Stored records
- Opening Delimiter -

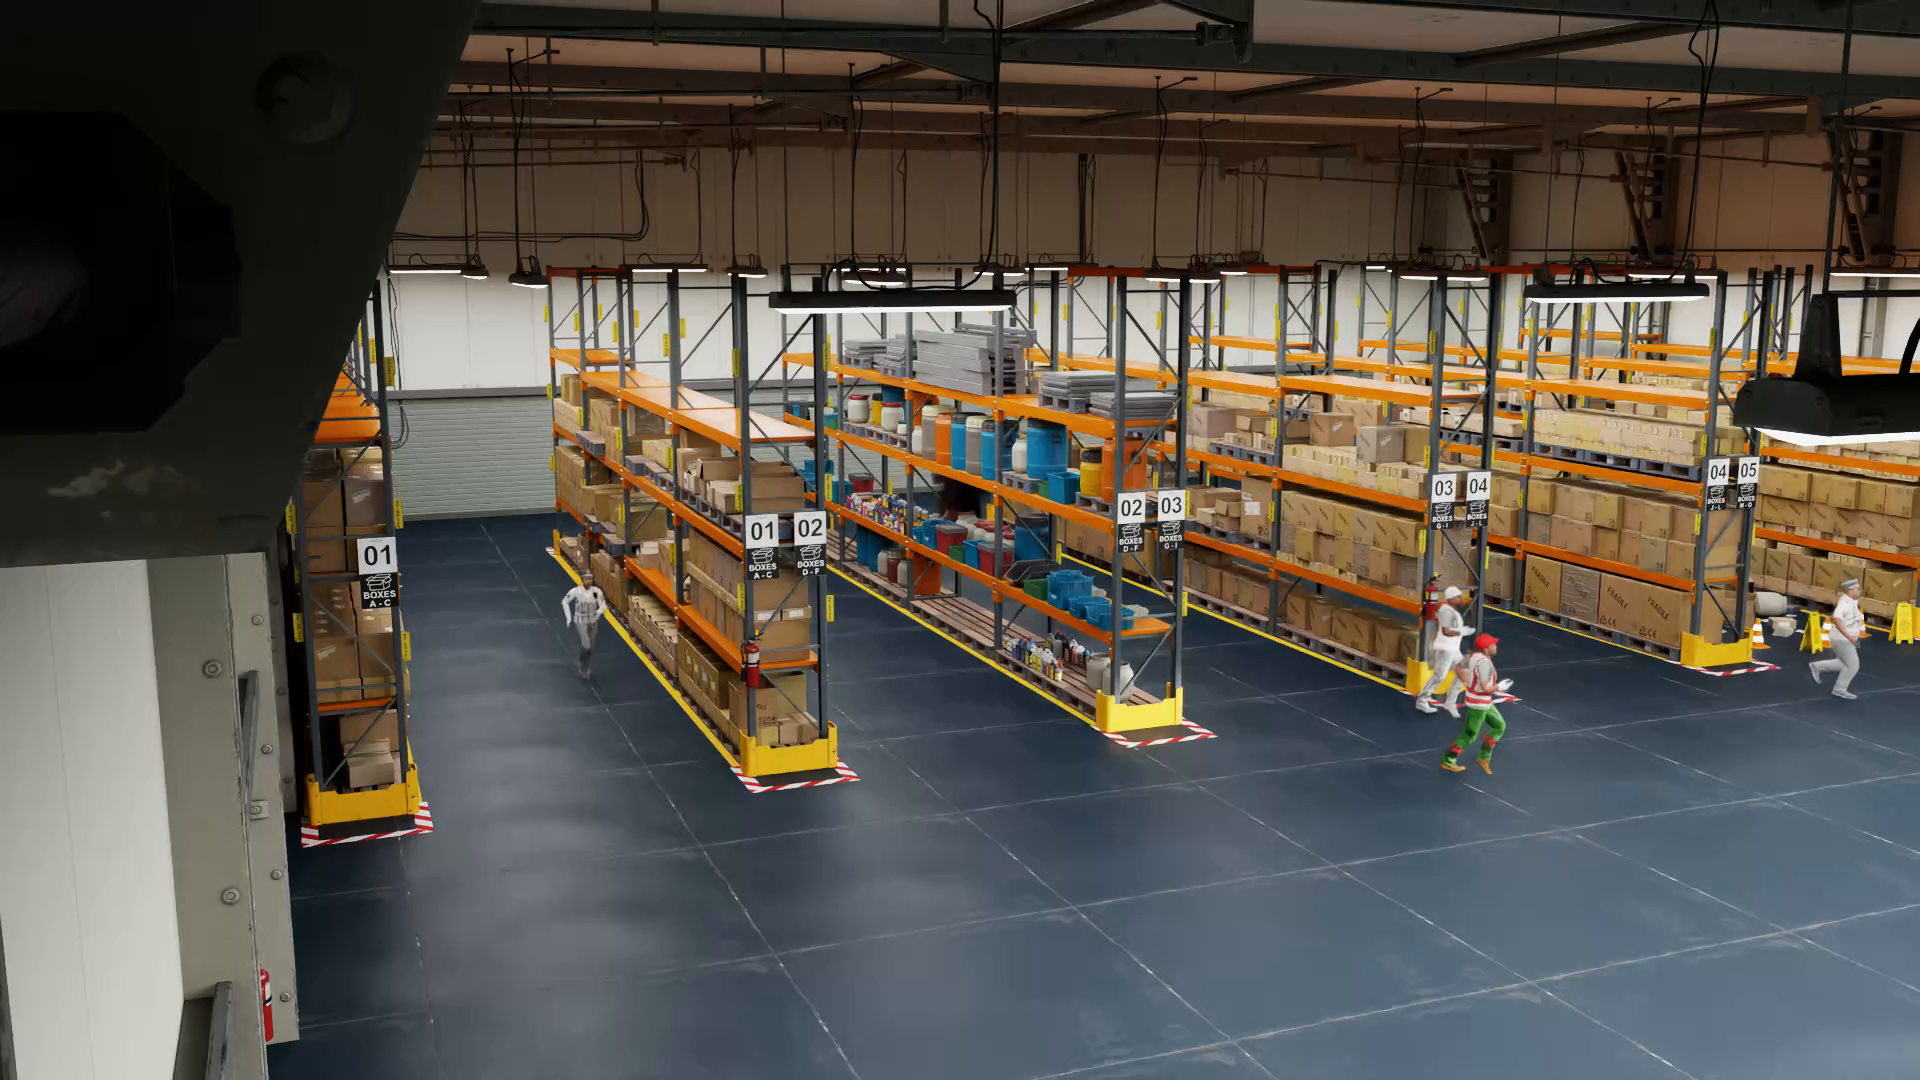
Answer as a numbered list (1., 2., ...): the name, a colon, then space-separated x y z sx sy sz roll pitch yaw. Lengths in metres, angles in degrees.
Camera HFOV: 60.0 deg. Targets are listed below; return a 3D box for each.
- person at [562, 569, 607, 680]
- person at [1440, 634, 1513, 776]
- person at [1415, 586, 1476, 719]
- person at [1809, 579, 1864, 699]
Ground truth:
1. person: -5.526 1.254 24.645 0.579 1.667 0.737 -6 12 -31
2. person: 6.236 2.009 20.051 0.782 1.802 0.635 2 10 13
3. person: 6.682 1.540 22.776 0.744 1.832 0.677 5 11 27
4. person: 12.558 1.390 23.781 0.646 1.732 0.646 6 11 30

- Closing Delimiter -

Your goal:
What do the lines above say from the one containing "- person at [562, 569, 607, 680]" down to the one containing "- person at [1809, 579, 1864, 699]"? Return them exactly, both end lines included, and only them.

Expected answer:
- person at [562, 569, 607, 680]
- person at [1440, 634, 1513, 776]
- person at [1415, 586, 1476, 719]
- person at [1809, 579, 1864, 699]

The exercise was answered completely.